▶ _What is required_: For the records below, tally the lines that include the word "maximum" and report the number alone.

*** Given entries Section Begins ***

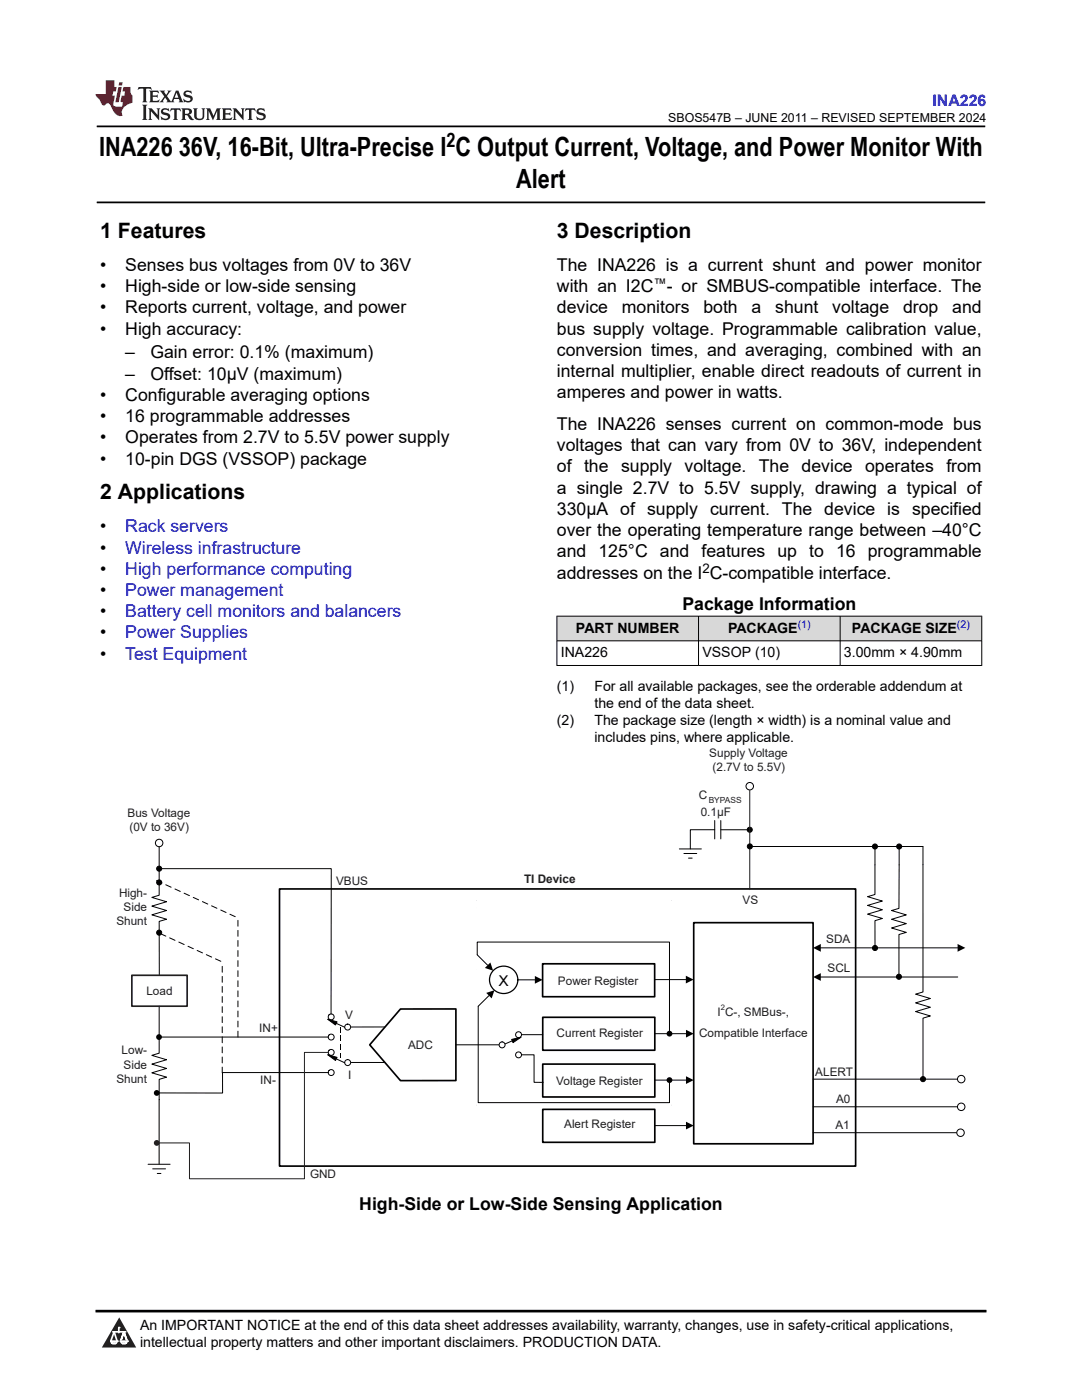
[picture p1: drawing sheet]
<svg xmlns="http://www.w3.org/2000/svg" width="216mm" height="279mm" viewBox="0 0 216 279" stroke-linecap="round" stroke-linejoin="round" font-family="sans-serif">
<defs><g id="words">
<g font-size="5.3">
<text x="19.8" y="31.2">INA226</text>
<text x="35.7" y="31.2">36V, 16-Bit, Ultra-Precise I C Output Current, Voltage, and Power Monitor With</text>
<text x="103" y="37.5">Alert</text>
</g>
<g font-size="4.2">
<text x="20" y="47.5">1 Features</text>
<text x="111.1" y="47.5">3 Description</text>
<text x="20" y="99.7">2 Applications</text>
</g>
<g font-size="4">
<text x="89.1" y="29.4">2</text>
<text x="99.5" y="196.8">x</text>
</g>
<g font-size="3.5">
<text x="20" y="54.1">•</text>
<text x="20" y="58.3">•</text>
<text x="25" y="54.1">Senses bus voltages from 0V to 36V</text>
<text x="25" y="58.3">High-side or low-side sensing</text>
<text x="111.1" y="54.1">The INA226 is a current shunt and power monitor</text>
<text x="111.1" y="58.3">with an I2C</text>
<text x="133" y="58.3">- or SMBUS-compatible interface. The</text>
<text x="20" y="62.5">•</text>
<text x="25" y="62.5">Reports current, voltage, and power</text>
<text x="111.1" y="62.5">device</text>
<text x="124.1" y="62.5">monitors</text>
<text x="140.4" y="62.5">both</text>
<text x="150" y="62.5">a</text>
<text x="154.7" y="62.5">shunt</text>
<text x="166.1" y="62.5">voltage</text>
<text x="180.2" y="62.5">drop</text>
<text x="190" y="62.5">and</text>
<text x="20" y="66.8">•</text>
<text x="25" y="66.8">High accuracy:</text>
<text x="25" y="71.5">–</text>
<text x="30" y="71.5">Gain error: 0.1% (maximum)</text>
<text x="111.1" y="71">conversion times, and averaging, combined with an</text>
<text x="111.1" y="66.8">bus supply voltage. Programmable calibration value,</text>
<text x="25" y="75.8">–</text>
<text x="30" y="75.8">Offset: 10μV (maximum)</text>
<text x="111.1" y="75.2">internal multiplier, enable direct readouts of current in</text>
<text x="20" y="80">•</text>
<text x="25" y="80">Configurable averaging options</text>
<text x="111.1" y="79.5">amperes and power in watts.</text>
<text x="20" y="84.2">•</text>
<text x="20" y="88.5">•</text>
<text x="25" y="84.2">16 programmable addresses</text>
<text x="25" y="88.5">Operates from 2.7V to 5.5V power supply</text>
<text x="111.1" y="85.8">The INA226 senses current on common-mode bus</text>
<text x="20" y="92.7">•</text>
<text x="25" y="92.7">10-pin DGS (VSSOP) package</text>
<text x="111.1" y="94.3">of the</text>
<text x="111.1" y="90.1">voltages that can vary from 0V to 36V, independent</text>
<text x="123.9" y="94.3">supply</text>
<text x="136.6" y="94.3">voltage.</text>
<text x="151.4" y="94.3">The</text>
<text x="160" y="94.3">device</text>
<text x="172.6" y="94.3">operates</text>
<text x="188.8" y="94.3">from</text>
<text x="111.1" y="98.5">a single 2.7V to 5.5V supply, drawing a typical of</text>
<text x="20" y="106.2">•</text>
<text x="111.1" y="102.8">330μA of supply current. The device is specified</text>
<text x="111.1" y="107">over the operating temperature range between –40°C</text>
<text x="20" y="110.5">•</text>
<text x="111.1" y="111.2">and 125°C and features up to 16 programmable</text>
<text x="20" y="114.7">•</text>
<text x="20" y="118.9">•</text>
<text x="111.1" y="115.5">addresses on the I C-compatible interface.</text>
<text x="20" y="123.2">•</text>
<text x="136.2" y="121.8">Package Information</text>
<text x="20" y="127.4">•</text>
<text x="20" y="131.6">•</text>
<text x="71.7" y="241.5">High-Side or Low-Side Sensing Application</text>
</g>
<g font-size="3.5" fill="#00f">
<text x="25" y="106.2">Rack servers</text>
<text x="25" y="110.5">Wireless infrastructure</text>
<text x="25" y="114.7">High performance computing</text>
<text x="25" y="118.9">Power management</text>
<text x="25" y="123.2">Battery cell monitors and balancers</text>
<text x="25" y="127.4">Power Supplies</text>
<text x="25" y="131.6">Test Equipment</text>
</g>
<text font-size="3.2" fill="#00f" x="186.1" y="21.1">INA226</text>
<g font-size="2.8">
<text x="111.9" y="131.2">INA226</text>
<text x="114.9" y="126.2">PART NUMBER</text>
<text x="140.2" y="131.2">VSSOP (10)</text>
<text x="145.3" y="126.2">PACKAGE</text>
<text x="168.4" y="131.2">3.00mm × 4.90mm</text>
<text x="170" y="126.2">PACKAGE SIZE</text>
<text x="111.1" y="138">(1)</text>
<text x="118.6" y="138">For all available packages, see the orderable addendum at</text>
<text x="118.6" y="141.4">the end of the data sheet.</text>
<text x="111.1" y="144.7">(2)</text>
<text x="118.6" y="144.7">The package size (length × width) is a nominal value and</text>
<text x="118.6" y="148.1">includes pins, where applicable.</text>
<text x="27.9" y="265.5">An IMPORTANT NOTICE at the end of this data sheet addresses availability, warranty, changes, use in safety-critical applications,</text>
<text x="27.9" y="268.9">intellectual property matters and other important disclaimers. PRODUCTION DATA.</text>
</g>
<g font-size="2.6">
<text x="130.4" y="57.5">™</text>
<text x="140.1" y="114.3">2</text>
</g>
<text font-size="2.5" x="133.3" y="24.3">SBOS547B – JUNE 2011 – REVISED SEPTEMBER 2024</text>
<g font-size="2.3" fill="#211f1f">
<text x="141.5" y="151.1">Supply Voltage</text>
<text x="142.2" y="153.9">(2.7V to 5.5V)</text>
<text x="139.5" y="159.5">C</text>
<text x="25.4" y="163.1">Bus Voltage</text>
<text x="25.8" y="165.9">(0V to 36V)</text>
<text x="139.8" y="162.8">0.1µF</text>
<text x="23.7" y="178.9">High-</text>
<text x="67.1" y="176.5">VBUS</text>
<text x="104.6" y="176.3">TI Device</text>
<text x="23.2" y="184.6">Shunt</text>
<text x="24.7" y="181.8">Side</text>
<text x="148.2" y="180.4">VS</text>
<text x="164.9" y="188.3">SDA</text>
<text x="111.3" y="196.6">Power Register</text>
<text x="165.1" y="194">SCL</text>
<text x="29.2" y="198.5">Load</text>
<text x="68.9" y="203.3">V</text>
<text x="143.2" y="202.7">I C-, SMBus-,</text>
<text x="51.7" y="205.9">IN+</text>
<text x="81.4" y="209.4">ADC</text>
<text x="111.1" y="207">Current Register</text>
<text x="139.5" y="207">Compatible Interface</text>
<text x="24.3" y="210.4">Low-</text>
<text x="24.7" y="213.3">Side</text>
<text x="69.5" y="215.4">I</text>
<text x="162.7" y="214.7">ALERT</text>
<text x="23.2" y="216.1">Shunt</text>
<text x="51.9" y="216.4">IN-</text>
<text x="111" y="216.5">Voltage Register</text>
<text x="166.8" y="220.1">A0</text>
<text x="112.6" y="225.2">Alert Register</text>
<text x="166.7" y="225.3">A1</text>
<text x="61.9" y="235.2">GND</text>
</g>
<g font-size="2.1" fill="#00f">
<text x="159.2" y="125.3">(1)</text>
<text x="191" y="125.3">(2)</text>
</g>
<text font-size="1.7" fill="#211f1f" x="141.4" y="160.2">BYPASS</text>
<text font-size="1.5" fill="#211f1f" x="143.8" y="201.6">2</text>
</g></defs>
<path d="M19.3 25.2h177.3M19.3 40.4h177.3" fill="none" stroke="#000" stroke-width=".35"/>
<g fill="#d8d8d8">
<path d="M111.1 123h84.8v4.9h-84.8z" fill-rule="evenodd"/>
<path d="M111.2 123h28.1v4.8h-28.1z" fill-rule="evenodd"/>
<path d="M139.4 123h28.2v4.8h-28.2z" fill-rule="evenodd"/>
<path d="M167.7 123h28.1v4.8h-28.1z" fill-rule="evenodd"/>
</g>
<g fill="none" stroke="#000" stroke-width=".2">
<path d="M111.1 123h84.9M111.1 127.9h84.9M111.1 132.8h84.9M111.1 122.9v10M139.4 122.9v10M167.6 122.9v10M195.9 122.9v10M149.6 168.9h34.6M174.6 172.6v5.9l-1.5 .5 3 .8-3 .9 3 .9-3 .8 3 .9-1.5 .4v5.5M184.2 172.6v25.4l-1.5 .4 2.9 .9-2.9 .8 2.9 .9-2.9 .9 2.9 .9-1.4 .4v12.2M32.2 207h33.4M65.4 203.4l1.9 .5-.4 .7z"/>
<path d="M65.4 210.5l1.9 .5-.4 .6zM65.6 214.1h-21.2v4h-12.7M65.7 203.6l3.1 1.4M65.7 210.7l3.1 1.4M70.1 212h6.7M76.8 205h-6.7M91 208.5h8.5M104.1 210.5h2.5v5.5h1.8M104.1 206.5h4.2M162.2 215.4h28.9M162.2 220.9h28.9"/>
<circle cx="149.6" cy="165.6" r=".5"/>
<circle cx="174.6" cy="168.9" r=".5"/>
<circle cx="179.4" cy="168.9" r=".5"/>
<circle cx="174.6" cy="189.2" r=".5"/>
<circle cx="179.4" cy="194.9" r=".51"/>
<circle cx="66.1" cy="210" r=".6"/>
<circle cx="66.1" cy="207" r=".59"/>
<circle cx="66.1" cy="214.1" r=".59"/>
<circle cx="66.1" cy="202.9" r=".59"/>
<circle cx="69.4" cy="205" r=".59"/>
<circle cx="69.4" cy="212.1" r=".59"/>
<circle cx="100.2" cy="208.5" r=".59"/>
<circle cx="103.5" cy="210.5" r=".59"/>
<circle cx="103.5" cy="206.5" r=".59"/>
<circle cx="184.2" cy="215.4" r=".5"/>
</g>
<g fill="#000">
<path d="M133.9 179.7h.1zM65.4 203.4l1.9 .5-.4 .7zM65.4 210.5l1.9 .5-.4 .6zM95 220.5l.1 .1zM133.9 220.6l.1-.1z"/>
<path d="M68 205.1l.1 1z" fill-rule="evenodd"/>
<path d="M68 206.7l.1 1z" fill-rule="evenodd"/>
<path d="M68 208.4l.1 1z" fill-rule="evenodd"/>
<path d="M68 210.1l.1 1z" fill-rule="evenodd"/>
<circle cx="149.6" cy="165.6" r=".5"/>
<circle cx="174.6" cy="168.9" r=".5"/>
<circle cx="179.4" cy="168.9" r=".5"/>
<circle cx="174.6" cy="189.2" r=".5"/>
<circle cx="179.4" cy="194.9" r=".51"/>
<circle cx="31.3" cy="218.1" r=".58"/>
<circle cx="31.7" cy="207" r=".58"/>
<circle cx="184.2" cy="215.4" r=".5"/>
</g>
<path d="M55.8 177.4h114.9v55.3h-114.9zM138.4 184.1h23.8v44.2h-23.8zM79.9 201.4h11.1v14.2l-11.1 .1-6.1-7.2zM108.3 203h22.4v6.6h-22.4zM108.3 212.4h22.4v6.5h-22.4zM108.3 221.4h22.4v6.6h-22.4z" fill="none" stroke="#000" stroke-width=".34"/>
<circle cx="191.8" cy="220.9" r=".75" fill="#fefefe"/>
<circle cx="191.8" cy="220.9" r=".75" fill="none" stroke="#000" stroke-width=".2"/>
<circle cx="191.8" cy="215.4" r=".75" fill="#fefefe"/>
<circle cx="191.8" cy="215.4" r=".75" fill="none" stroke="#000" stroke-width=".2"/>
<circle cx="149.6" cy="156.9" r=".75" fill="#fefefe"/>
<circle cx="149.6" cy="156.9" r=".75" fill="none" stroke="#000" stroke-width=".2"/>
<circle cx="31.8" cy="168.2" r=".75" fill="#fefefe"/>
<g fill="none" stroke="#000" stroke-width=".2">
<path d="M31.8 169v9.7l-1.5 .4 2.9 .9-2.9 .8 2.9 .9-2.9 .9 2.9 .9-1.4 .4v10.7M135.6 169.4h4.4M136.5 170.3h2.5M137.4 171.3h.7M142.6 165.6h-4.9v3.8M142.6 163.8v3.6M143.8 163.8v3.6M179.4 172.6v8.7l-1.5 .4 2.9 .9-2.9 .9 2.9 .8-2.9 .9 2.9 .9-1.4 .4v8.4M31.8 200.8v9.4l-1.5 .4 2.9 .9-2.9 .9 2.9 .8-2.9 .9 2.9 .9-1.4 .4v16.9M29.5 232.4h4.4M30.5 233.3h2.5M31.4 234.2h.7"/>
<circle cx="31.8" cy="168.2" r=".75"/>
<circle cx="31.8" cy="173.4" r=".5"/>
<circle cx="31.8" cy="176.1" r=".51"/>
<circle cx="31.8" cy="186.1" r=".51"/>
</g>
<g fill="#000">
<circle cx="31.8" cy="173.4" r=".5"/>
<circle cx="31.8" cy="176.1" r=".51"/>
<circle cx="31.8" cy="186.1" r=".51"/>
</g>
<path d="M26.3 194.6h11v6.2h-11z" fill="none" stroke="#211f1f" stroke-width=".34"/>
<path d="M32 186.1v.2z" fill-rule="evenodd" fill="#211f1f"/>
<path d="M149.6 157.7v19.8M65.6 210h-4.9v25.2h-22.9v-7.1h-6.1" fill="none" stroke="#211f1f" stroke-width=".2"/>
<circle cx="31.3" cy="228.1" r=".58" fill="#211f1f"/>
<g fill="#000">
<path d="M136.9 194.7l1.5 .8-1.5 .8zM162.2 189.2l1.6-.8v1.5zM162.2 195l1.6-.8v1.6zM191.1 188.4l1.5 .8-1.5 .7zM102.1 207.4l1.9-.4-1.6 1.1zM136.9 205.5l1.5 .8-1.5 .8zM136.9 214.8l1.5 .8-1.5 .7zM136.9 223.9l1.5 .7-1.5 .8z"/>
<circle cx="149.6" cy="168.9" r=".5"/>
</g>
<g fill="none" stroke="#000" stroke-width=".2">
<path d="M143.8 165.6h5.6M174.6 169v3.6M179.4 169v3.6M184.2 168.9v3.7M130.6 195.5h6.3M163.7 189.2h27.4M163.7 195h27.4M102.1 207.4l1.9-.4-1.6 1.1zM103.4 207.2l-2.6 1.1M130.7 206.3h6.2M130.7 215.6h6.2M130.7 224.6h6.2"/>
<circle cx="149.6" cy="168.9" r=".5"/>
</g>
<path d="M31.3 175.7l16.2 7.5M32 186.3l12.3 5.7M44.3 214.1v-21.9M47.5 207v-23.8" fill="none" stroke="#000" stroke-width=".2" stroke-dasharray="1.2 .8"/>
<path d="M108.3 192.3h22.3v6.6h-22.3z" fill="none" stroke="#000" stroke-width=".34"/>
<path d="M98.3 193.8a2.78 2.78 0 0 1 4.5 .1 2.78 2.78 0 0 1-1.4 4.2 2.76 2.76 0 0 1-3.2-1 2.76 2.76 0 0 1 .1-3.3z" fill-rule="evenodd" fill="#fff"/>
<path d="M98.3 193.8a2.78 2.78 0 0 1 4.5 .1 2.78 2.78 0 0 1-1.4 4.2 2.76 2.76 0 0 1-3.2-1 2.76 2.76 0 0 1 .1-3.3z" fill="none" stroke="#000" stroke-width=".25"/>
<path d="M97.3 192.6l-2.1-2v-2.6h38.4v17.7M97.6 198.7l-2.2 2.1v19.3h38.2v-4.2M103.4 195.5h3.3M133.6 216.1h.1M162.2 226.1h28.7" fill="none" stroke="#000" stroke-width=".2"/>
<g fill="#000">
<path d="M97 198.2l1.7-.6-.6 1.7zM97.8 192.1l.6 1.6-1.6-.5zM106.7 194.8l1.6 .7-1.6 .8z"/>
<circle cx="133.6" cy="206.3" r=".58"/>
<circle cx="133.6" cy="215.6" r=".58"/>
</g>
<circle cx="191.7" cy="226.1" r=".75" fill="#fefefe"/>
<g fill="none" stroke="#000" stroke-width=".2">
<path d="M32.3 173.4h33.8v29"/>
<circle cx="191.7" cy="226.1" r=".75"/>
</g>
<path d="M0 0h215.9v23.8h-215.9z" fill-rule="evenodd" fill="#fff"/>
<path d="M27.7 17.4l-.2 .6 .5-.3h.6v.2v2.1l-.2 .4h1l-.2-.4v-2.1v-.2h.5l.5 .3-.1-.6zM29.8 18.1l.2 .4v1.5l-.2 .4h1.9l.1-.6a1.08 1.08 0 0 1-1.3 .2v-.7h.6l.4 .2v-.6l-.4 .2h-.6v-.6l.2-.1a1 1 0 0 1 1 .2l-.1-.5zM31.8 18.1l1 1.1-1 1.2h.9l-.2-.2 .4-.7 .5 .7-.2 .2h1.6l-.2-.2 .1-.4h1l.1 .4-.1 .2h.9l-.2-.3-.8-2h-.5l-1 2.2-.8-1.1 .9-1.1h-.8l.2 .2-.5 .7-.3-.7 .1-.2zM35.2 18.5l.4 1h-.8zM36.8 18.2a.65 .65 0 0 0-.2 .8 .65 .65 0 0 0 .6 .4l.7 .2 .1 .2a.79 .79 0 0 1-.7 .4 .79 .79 0 0 1-.7-.5l.1 .7 .2-.1a.93 .93 0 0 0 1.1 .1 .93 .93 0 0 0 .4-1 1.46 1.46 0 0 0-1.2-.6l-.1-.3a1.09 1.09 0 0 1 1.2 .2l-.2-.6-.1 .1-.6-.2zM28.4 20.9l.2 .4v2.3l-.2 .3h1l-.2-.3v-2.3l.2-.4zM29.6 21.6l.2 .4v1.6l-.2 .3h.8l-.3-.3v-1.4l1.7 1.8v-2l.2-.4h-.8l.2 .2 .1 1.1-1.2-1.3zM32.3 21.8a.65 .65 0 0 0-.2 .7 .65 .65 0 0 0 .7 .4l.6 .2 .1 .2a.79 .79 0 0 1-.7 .4 .79 .79 0 0 1-.7-.5l.1 .7 .2-.1a.93 .93 0 0 0 1.1 .1 .93 .93 0 0 0 .4-.9 1.46 1.46 0 0 0-1.2-.6l-.1-.4a1.09 1.09 0 0 1 1.2 .2l-.2-.6-.1 .1-.6-.1zM34.1 21.6l-.1 .7a.63 .63 0 0 1 .7-.4l.1 1.7-.3 .3h1l-.2-.3v-1.7a.66 .66 0 0 1 .8 .4l-.1-.7zM36.2 21.6l.2 .4v1.6l-.2 .3h.9l-.2-.2v-.7h.5l.1 .2a.79 .79 0 0 0 1.2 .6l-1-.9a.61 .61 0 0 0 .6-.6 .61 .61 0 0 0-.5-.6zM36.9 21.9h.2a.47 .47 0 0 1 .5 .1 .47 .47 0 0 1 .1 .5l-.2 .2h-.6zM38.5 21.6l.2 .2a2.27 2.27 0 0 0 .4 2 1.04 1.04 0 0 0 1.7-.7v-1.3l.2-.2h-.8l.2 .4v1.1a.6 .6 0 0 1-.6 .6 .6 .6 0 0 1-.6-.6v-1.1l.3-.4zM41.1 21.6l.2 .4v1.6l-.2 .3h.7l-.2-.3v-1.5l.9 1.9 .8-1.9v1.5l-.2 .3h1l-.3-.3v-1.6l.3-.4h-.8l-.7 1.5-.7-1.5zM44.3 21.6l.2 .4v1.6l-.2 .3h1.9l.1-.5a1.09 1.09 0 0 1-1.3 .1v-.6h.6l.4 .1v-.6l-.4 .2h-.6v-.6l.2-.1a1.01 1.01 0 0 1 1 .3l-.1-.6zM46.4 21.6l.3 .4v1.6l-.3 .3h.8l-.2-.3v-1.4l1.6 1.8v-2l.2-.4h-.7l.2 .2v1.1l-1.2-1.3zM49 21.6l-.1 .7a.63 .63 0 0 1 .8-.4v1.7l-.3 .3h1l-.2-.3v-1.7a.66 .66 0 0 1 .8 .4l-.1-.7zM51.4 21.8a.65 .65 0 0 0-.2 .7 .65 .65 0 0 0 .6 .4l.6 .2 .2 .2a.79 .79 0 0 1-.8 .4 .79 .79 0 0 1-.6-.5l.1 .7 .2-.1a.93 .93 0 0 0 1 .1 .93 .93 0 0 0 .5-.9 1.46 1.46 0 0 0-1.3-.6l-.1-.4a1.09 1.09 0 0 1 1.3 .2l-.2-.6-.2 .1-.5-.1z" fill="#231f20"/>
<path d="M21.1 16v2.8h-2.1l.1 .3 .9 1a.95 .95 0 0 0 .9 .9 .59 .59 0 0 1 .6-.4 .59 .59 0 0 1 .5 .4l.4 .8a1.59 1.59 0 0 0 2.1 1.3 1.61 1.61 0 0 1 1-2.2l1-.4-.1-1.5a1.59 1.59 0 0 1-.4-1.6h-1.4l-.2 .9h.5l-.1 .8h-.5l-.2 1v.2l.4 .1-.2 .9h-.6a.73 .73 0 0 1-1.1-.7l.3-1.5h-.5l.2-.8h.5l.2-.9h-.5v-1.4zM23.6 17.4l-.6 3h.7l.6-3zM23.8 16.4l-.1 .7h.7l.1-.7z" fill="#ed1c24"/>
<path d="M0 261.4h215.9v18h-215.9z" fill-rule="evenodd" fill="#fff"/>
<path d="M23.8 262.9l3.4 6h-6.9z" fill="#231f20"/>
<path d="M22.1 267.7h1.3l-.4 .5h-.3a.55 .55 0 0 1-.6-.5z" fill-rule="evenodd" fill="#fff"/>
<path d="M22.1 267.7h1.3l-.4 .5h-.3a.55 .55 0 0 1-.6-.5z" fill="none" stroke="#231f20" stroke-width=".34"/>
<path d="M22.1 267.7h1.3l-.4 .5h-.5zM23.7 265.9h.1M23.7 264.9v1z" fill="none" stroke="#fff" stroke-width=".34"/>
<circle cx="23.7" cy="264.9" r=".17" fill="#fff"/>
<path d="M22.6 265.8h.1M22.6 265.8h2.3z" fill="none" stroke="#fff" stroke-width=".34"/>
<circle cx="24.9" cy="265.8" r=".17" fill="#fff"/>
<path d="M24 267.7h.1" fill="none" stroke="#fff" stroke-width=".34"/>
<path d="M24.7 265.8l-.7 1.9z" fill="#fff"/>
<path d="M24.7 265.8l-.7 1.9z" fill="none" stroke="#fff" stroke-width=".34"/>
<path d="M24.7 265.8l.7 1.9z" fill="#fff"/>
<path d="M24.7 265.8l.7 1.9zM25.3 267.7h.1" fill="none" stroke="#fff" stroke-width=".34"/>
<circle cx="22.1" cy="267.7" r=".17" fill="#fff"/>
<path d="M22.8 265.8l-.7 1.9zM22.8 265.8l.6 1.9z" fill="none" stroke="#fff" stroke-width=".34"/>
<circle cx="23.4" cy="267.7" r=".17" fill="#fff"/>
<path d="M24.1 267.7h1.3a.65 .65 0 0 1-.6 .5 .65 .65 0 0 1-.7-.5z" fill-rule="evenodd" fill="#fff"/>
<path d="M24.1 267.7h1.3a.65 .65 0 0 1-.6 .5 .65 .65 0 0 1-.7-.5z" fill="none" stroke="#231f20" stroke-width=".34"/>
<path d="M24 267.7h.1M24.1 267.7h1.3l-.4 .5h-.5z" fill="none" stroke="#fff" stroke-width=".34"/>
<circle cx="25.4" cy="267.7" r=".17" fill="#fff"/>
<path d="M19 261.7h177.8" fill="none" stroke="#000" stroke-width=".53"/>
<use href="#words"/>
</svg>

*** Given entries Section Ends ***

▶ _Exercise response_: 2